- Title card
- Directed by: Alex Lovy
- Story by: Victor McLeod
- Produced by: Walter Lantz
- Starring: Sara Berner Danny Webb Mel Blanc Margaret McKay
- Music by: Frank Marsales
- Animation by: Alex Lovy Frank Tipper Les Kline Laverne Harding
- Backgrounds by: Ed Kiechle
- Color process: Technicolor
- Production company: Walter Lantz Productions
- Distributed by: Universal Pictures
- Release date: October 9, 1939;
- Running time: 8 minutes (one reel)
- Country: United States
- Language: English

= Life Begins for Andy Panda =

Life Begins for Andy Panda is a 1939 American short subject cartoon created by Walter Lantz, as the first Andy Panda film.

==Background==
The short capitalized on public interest surrounding the United States' first captive panda, Su Lin, who had been donated to the Brookfield Zoo in Chicago three years earlier and whose arrival created a consumer desire for panda-related products. The film was the first Andy Panda film, introducing Andy as a baby. Contrary to popular belief, it was not named after the feature film Life Begins for Andy Hardy, which was released two years later. The cartoon was titled "Life Begins for Andy Panda" upon its release.

Papa Panda was voiced by Danny Webb and Mama Panda and Andy Panda by Sara Berner. In Andy Panda's fourth film, Knock Knock, Walter Lantz's more famous character, Woody Woodpecker, was first introduced.

==Plot synopsis==
The story begins with the Finchell Broadcasting Station telling the news that the panda family had their first baby. All of the forest animals rush to see the new baby. All the animals are excited to see him and shout to name the cub. Mama Panda makes the decision, to name him Andy. The arrival of a skunk causes them all to run away. 6 months later, Papa Panda is talking with Andy about appreciating Mother Nature, until Andy looks under a tree with his slingshot and hits an opossum. The opossum stomps on Papa Panda's foot. After Papa opines that Mother Nature has no place to live, Andy starts to cry, thinking that she's homeless.

As Papa corrects him, they start to leave the forest and enter a barren area. Papa warns Andy about the savage Pygmy hunters that live in the wasteland. Andy runs away from his dad into the wasteland and Papa runs after him and lands in a trap, presumably made by the hunters. The hunters spot Andy and begin to chase him. Finchell announces their plight to the animals and they gather to form a rescue mission. Mr. Whippletree, a turtle, is the first animal to attempt to rescue Andy but he fails because a hunter had his shell.

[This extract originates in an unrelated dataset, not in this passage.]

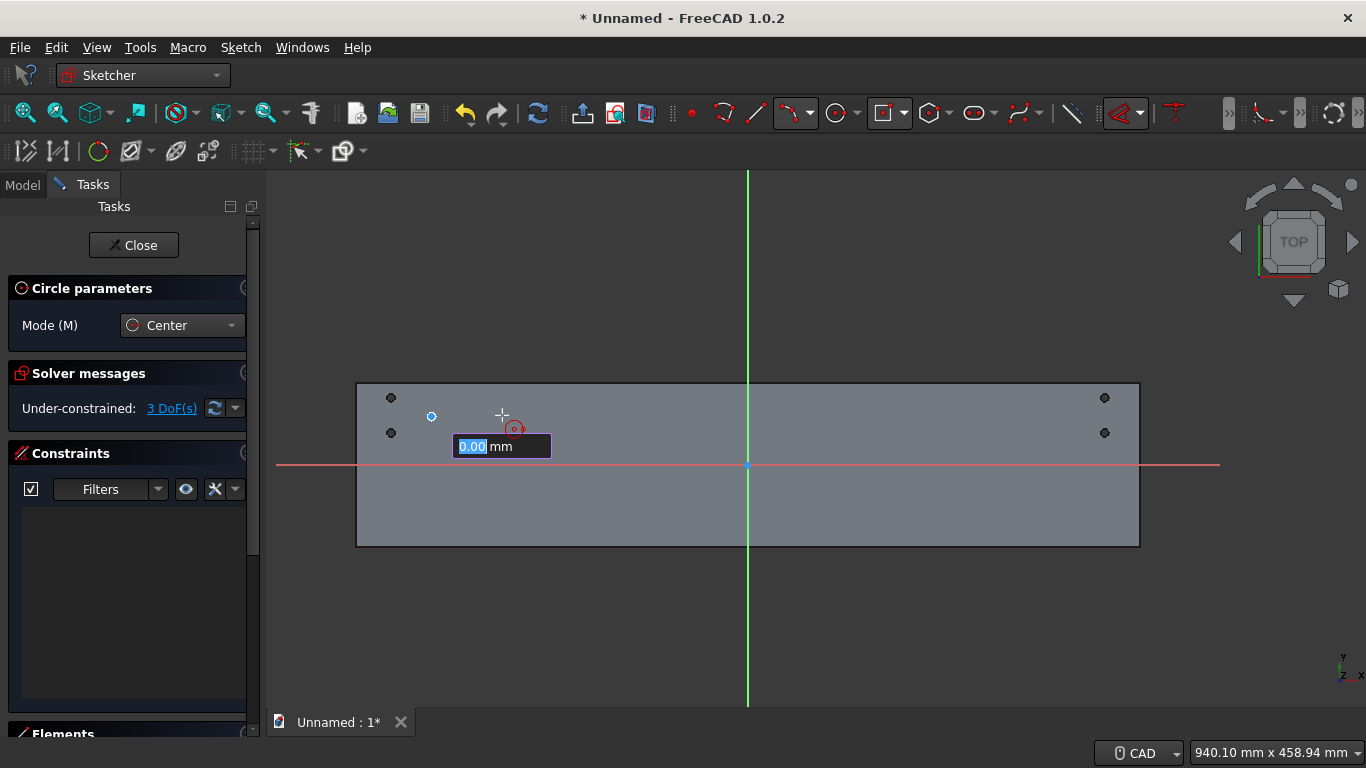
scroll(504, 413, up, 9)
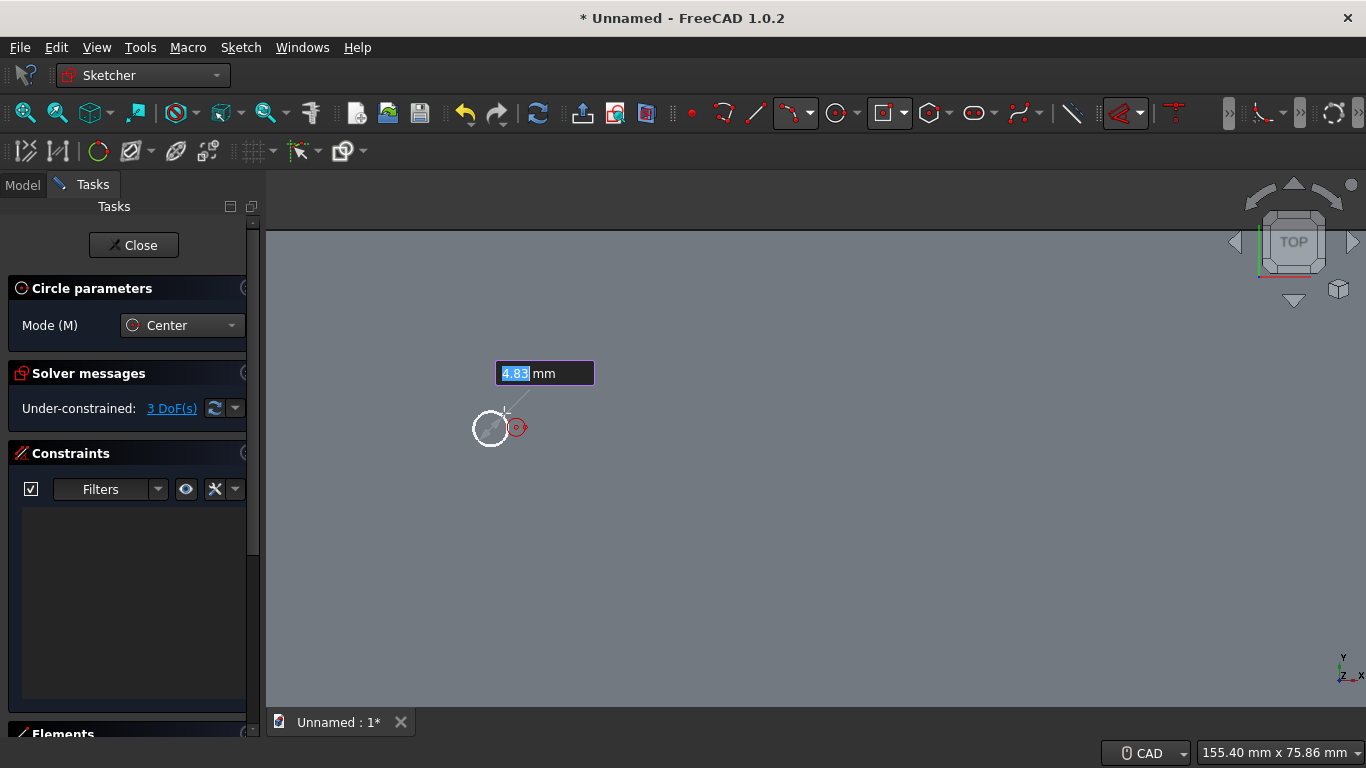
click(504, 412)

Mama Panda joins the action and fights off some pygmies. A kangaroo successfully puts Andy in his pouch but he was distracted by a pygmy while another one slapped the kangaroo's fanny with a plank. The skunk, who had six months earlier scared the animals chases the pygmies away and the animals cheer and Andy is rewarded by Papa. Andy wishes that the events would be put in a newsreel and Papa, about to spank him, instead decides to snuggle Andy. As the cartoon ends, Mr. Whippletree the turtle, is seen chasing the pygmy who took his shell.

==Style==
The animation used in this film when the pygmies were climbing out the rock was used again in Andy Panda Goes Fishing and again in 100 Pygmies and Andy Panda. The Pygmies' design changed from human-like, having yellow grass skirts and light brown skin to ape-like, having orange grass skirts and have darker skin in later cartoons. The cartoon was not seen in US television for a number of years due to concerns with the 1939 film's use of inappropriate stereotyping of Blacks through the pygmy's appearance, but it was seen in the countries like Brazil.